Manutention de bouteilles de gaz domestique au dépôt de Bonabéri

Vrombissement des camions, entrechoc des bouteilles, sifflement des bras de chargement de GPL en décompression et rotation ininterrompue du carrousel d’enfutage… Ce jeudi 17 septembre 2026, l’effervescence est à son comble au dépôt de Bonabéri. Ici les agents chargés de remplir les bouteilles de gaz (enfuteurs) s’assurent que tout est en place pour les opérations, les chauffeurs des différents marketers positionnent leurs engins à l’entrée du hall d’emplissage tandis que les convoyeurs aident à sortir des bouteilles de gaz des remorques

Pour répondre à la demande nationale en gaz domestique — évaluée à environ 1 500 tonnes métriques (TM) par jour —, l’ensemble du personnel de Bonabéri est sur le pont et ne ménage aucun effort. Alors que le Chef de dépôt participe à une réunion d’urgence au siège, son adjoint, Yannick Mpille,  rassure : « Le produit est bien disponible, comme le rappelait hier le Directeur Général Adjoint sur la CRTV. Nous donnons le meilleur de nous-mêmes pour permettre à la SCDP d’assurer sa mission de service public.» Egalement sur le site, les équipes de la Délégation Régionale de l’Eau et de l’Énergie veillent scrupuleusement au déroulement des opérations Pour faire face à l’affluence, les journées s’allongent : le dépôt ouvre dès 5 heures du matin et ne ferme qu’aux alentours de 23 heures. Véritable poumon logistique et futur hub pétrolier d’Afrique Centrale, le site de Bonabéri est le point de départ du GPL pour l’ensemble du territoire national. « Ici, les titres et les postes ne comptent plus : chacun prête main-forte. L’unique priorité est de servir, encore et toujours », souligne le contremaître d’exploitation N°1 Eric Tchapda

Une organisation H24 au cœur du hub de Bonabéri

Sur les berges du Wouri, la chaîne logistique fonctionne à plein régime. Pour l’illustrer, Yannick Mpille pointe les deux navires d’une capacité cumulée de 10.000 TM qui sont en attente de déchargement. Un peu plus loin ce sont les wagons citernes pleins à ras-bord  qui attendent de s’ébranler pour Ngaoundéré afin de satisfaire la demande du Grand Nord.
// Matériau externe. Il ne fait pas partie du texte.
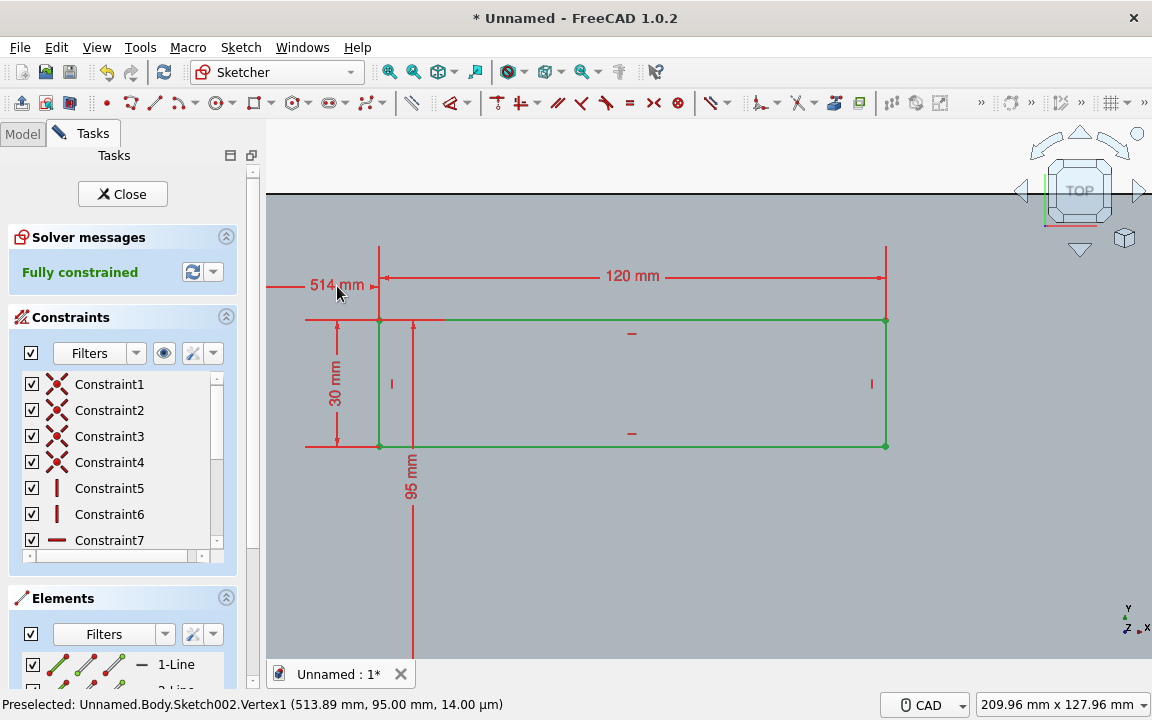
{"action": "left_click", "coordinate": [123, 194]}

Quelques mètres en avant, ce sont des camions citernes vracs qui terminent les opérations de chargement avant de prendre la direction de Yaoundé et d’autres dépôts GPL du réseau SCDP et de ses partenaires.

Entre temps, les sphères et cigares des autres régions du pays ne sont pas vides. Dans la région de l’Extrême-Nord, à Maroua, la situation est stable.  Le dépôt dispose de 131 TM, un niveau supérieur à la capacité de stockage du dépôt (105 tonnes métriques) cela représente environ 5 jours d’autonomie. Dans l’Adamaoua (Ngaoundéré), le dépôt dispose d’environ 46 tonnes métriques en stock, avec un complément de 109 tonnes métriques actuellement en cours d’acheminement. La distribution s’y poursuit normalement, sans recul de l’approvisionnement. A Bertoua, le dépôt à une autonomie de 9 jours avec une sortie moyenne de 20 tonnes par jour.

Approvisionné depuis Douala/Bonabéri par camion-citerne, la région de l’Ouest connaît des tensions ponctuelles récurrentes, liées non pas à un manque de produit mais à l’état dégradé de la route qui dessert le dépôt, ce qui complique la mobilisation de la flotte. 157 tonnes métriques y sont actuellement en attente d’acheminement, pour une capacité de stockage du dépôt de 170 tonnes métriques. La SCDP a renforcé la mobilisation de ses camions sur cet axe pour fluidifier les livraisons.

Dans le Centre, à Yaoundé notamment, on est confortable pour 03 jours d’autonomie avec une disponibilité de stocks de 246 tonnes métriques et de 183 tonnes métriques en attente, soit 429 tonnes métriques au total.

Les équipes de Bonabéri et des dépôts de l’intérieur restent pleinement mobilisées pour assurer la continuité de la distribution sur toute l’étendue du territoire.